Serbian insurance company

DDOR Novi Sad (ДДОР Нови Сад) is a Serbian insurance company based in Novi Sad, Serbia. It is the third largest insurance company in Serbia by market share, offering auto, home, commercial and life insurance.

==History==
In 1945, the government founded the National Insurance and Reinsurance Bureau after the Second World War. By 1950 two offices were set up in Novi Sad. Both offices started operating as branch offices of NIB. By the end of 1961, the National Insurance Bureau was dissolved. The former NIB's branch offices became insurance bureaus but new insurance bureaus were also founded to cover the area of one or more municipalities.
On the basis of provisions of the Law on Insurance Bureau and Communities of Insurance (terminology used during socialism), at the end of 1961, the municipality of Novi Sad made the decision with regard to establishing of the "Novi Sad" Insurance Bureau. Their activities were carried out on the territory of the municipality of Novi Sad and they were considered to be a legal successor to the former NIB, with their headquarters located in Novi Sad. Besides "Novi Sad" Insurance Bureau, that only re-registered its name, in 1968 another insurance firm was established in Novi Sad - "Vojvodina" Insurance Bureau. The two companies merged into one in 1981.

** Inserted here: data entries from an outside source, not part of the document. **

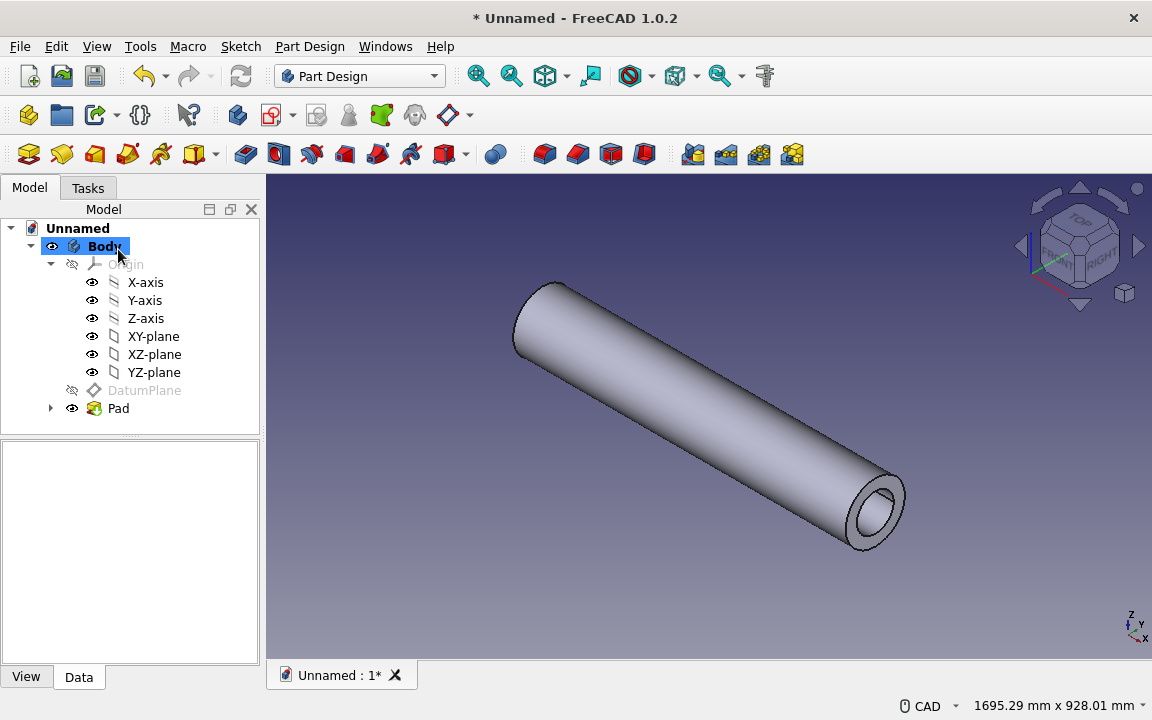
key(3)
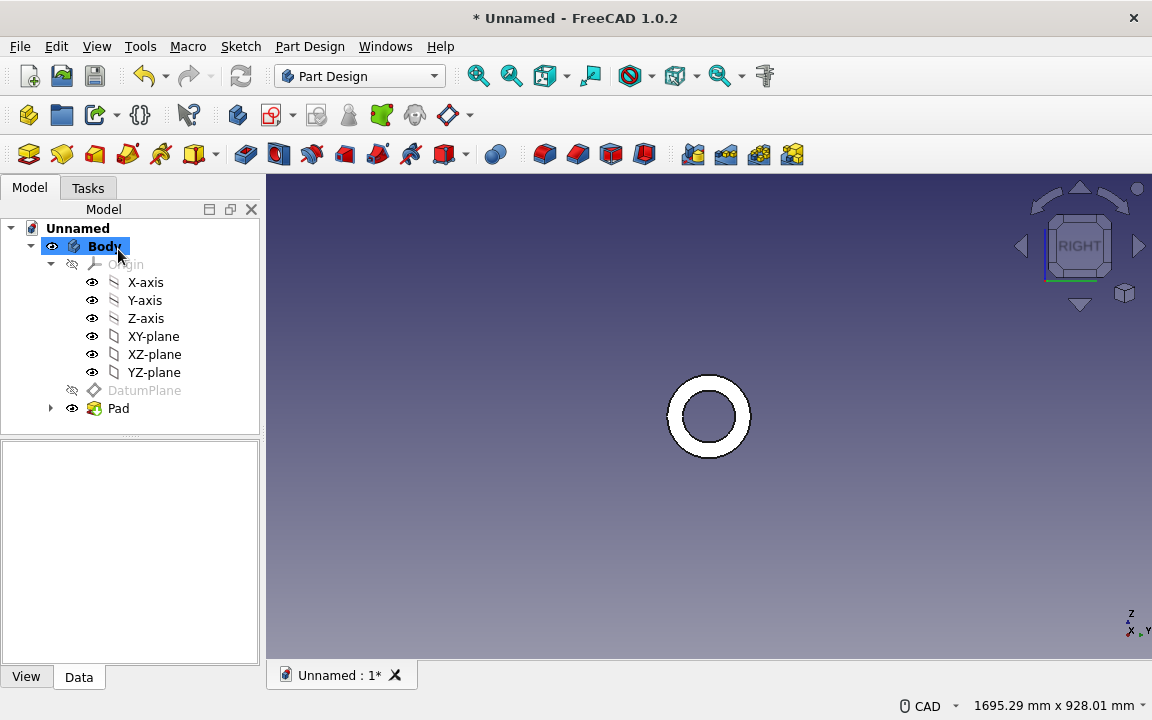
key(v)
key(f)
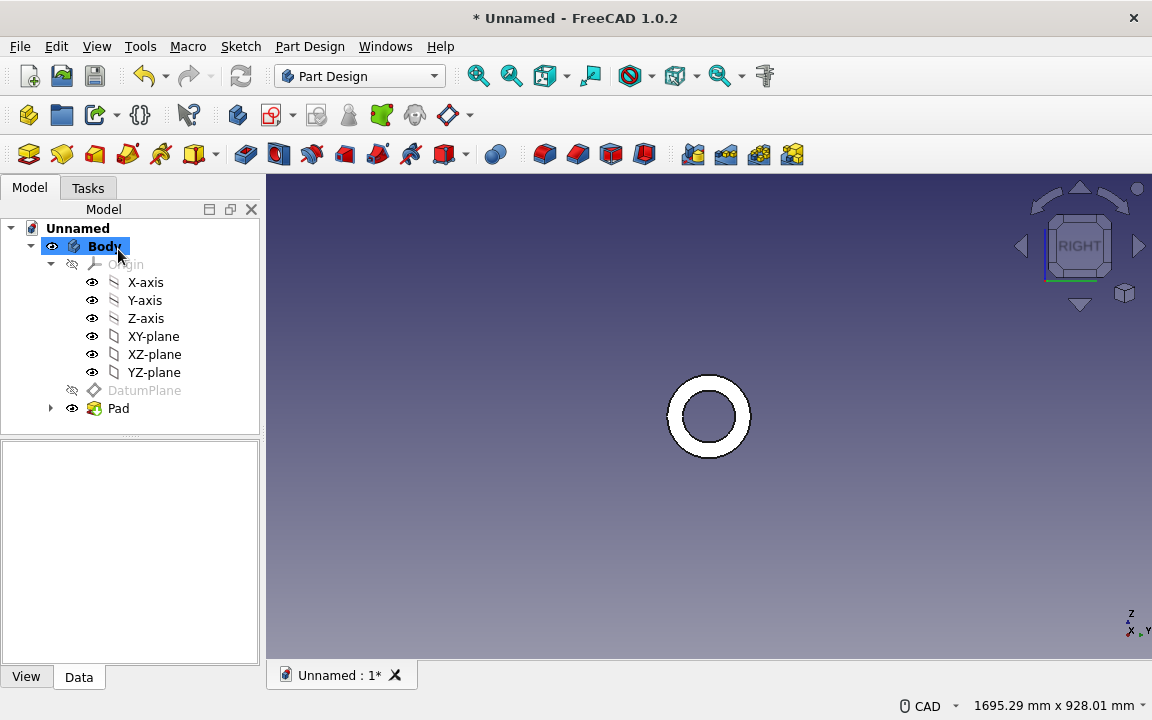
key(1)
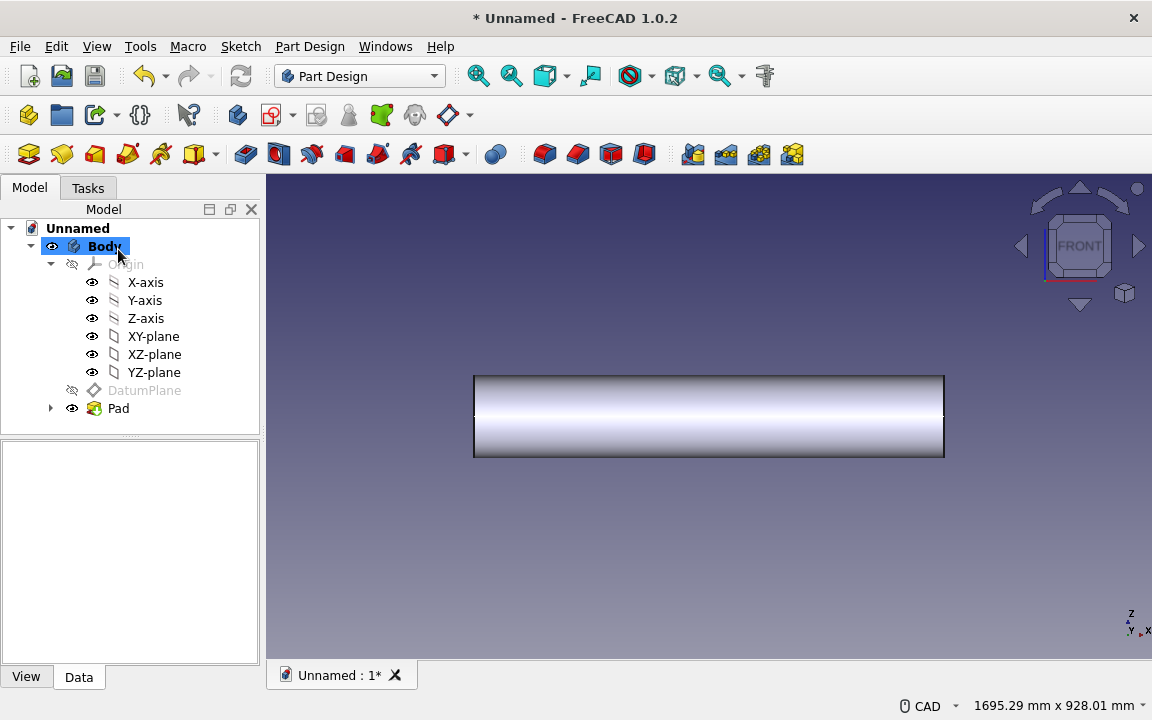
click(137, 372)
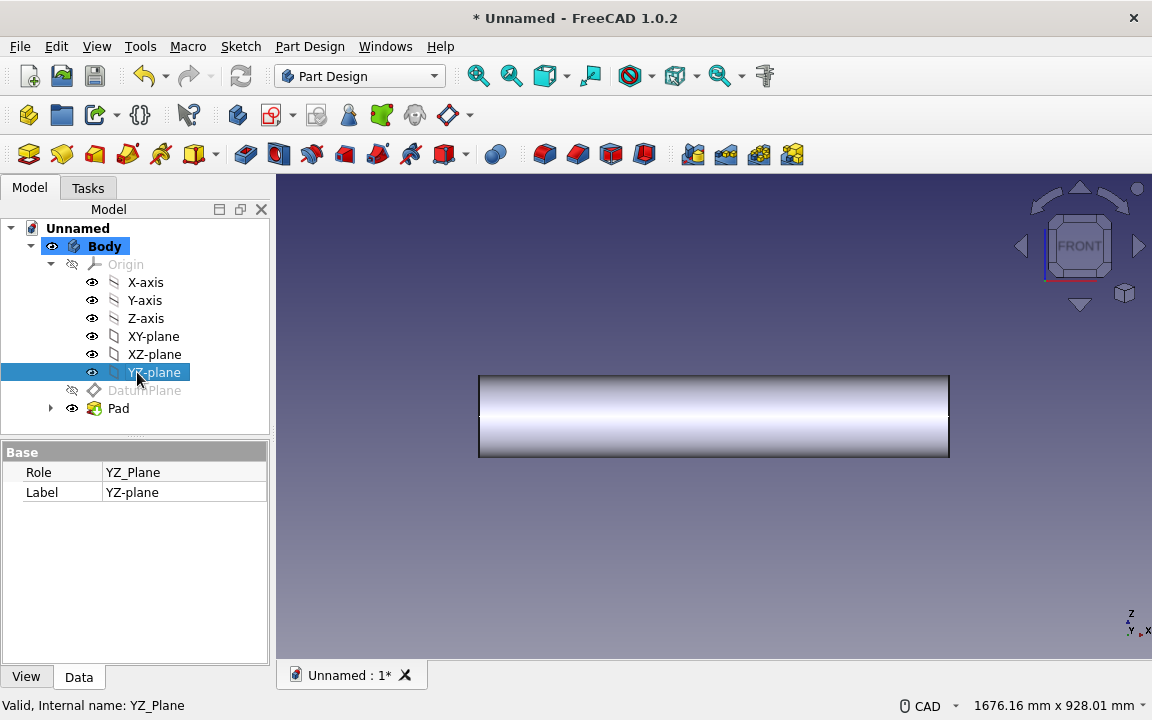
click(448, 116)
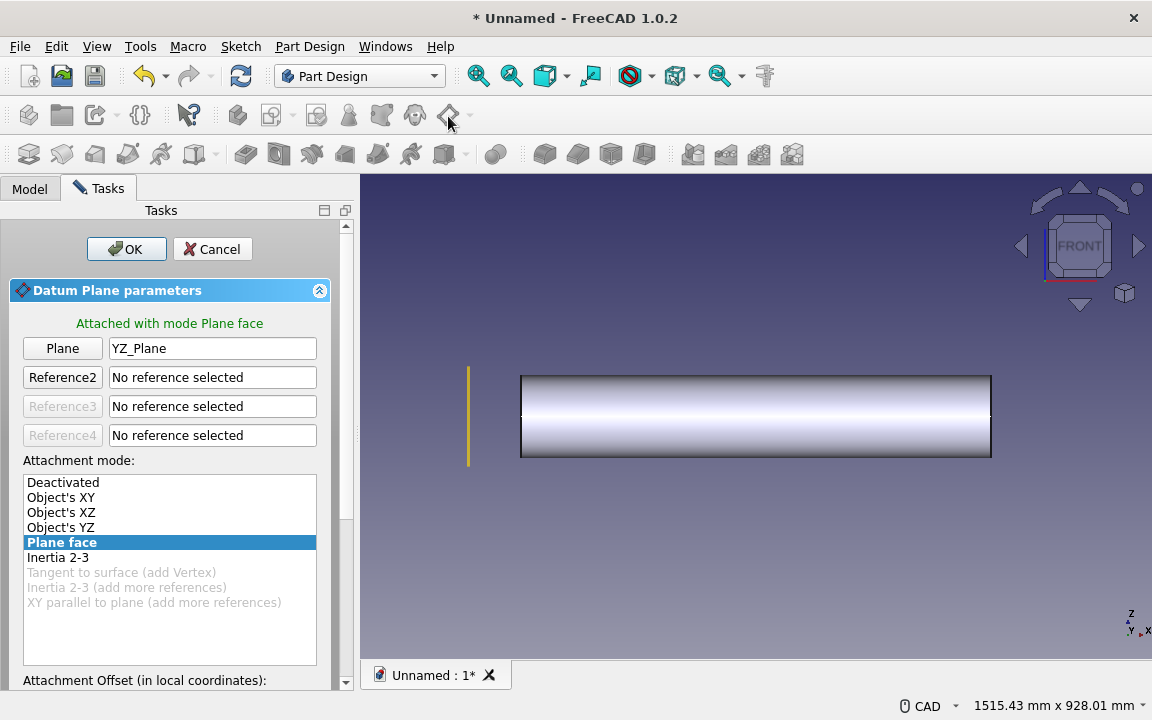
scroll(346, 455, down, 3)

On 25 June 1990, DDOR Novi Sad became the first joint stock insurance company on the territory of the former SFR Yugoslavia.

As of 2016, DDOR Novi Sad has 14.1% of non-life premium income market share and 11.6% of market share in total in Serbia, making it the third largest insurance company in the Serbian insurance market.

==Ownership==
On 26 July 2006 state office for privatization started the process to sell state shares in the company. On 26 November 2007, it was announced that 100% of the state stake in DDOR was sold to Italian company Fondiaria-Sai (now part of UnipolSai) for €264 million.

As of February 2018, DDOR Novi Sad is fully owned by UnipolSai.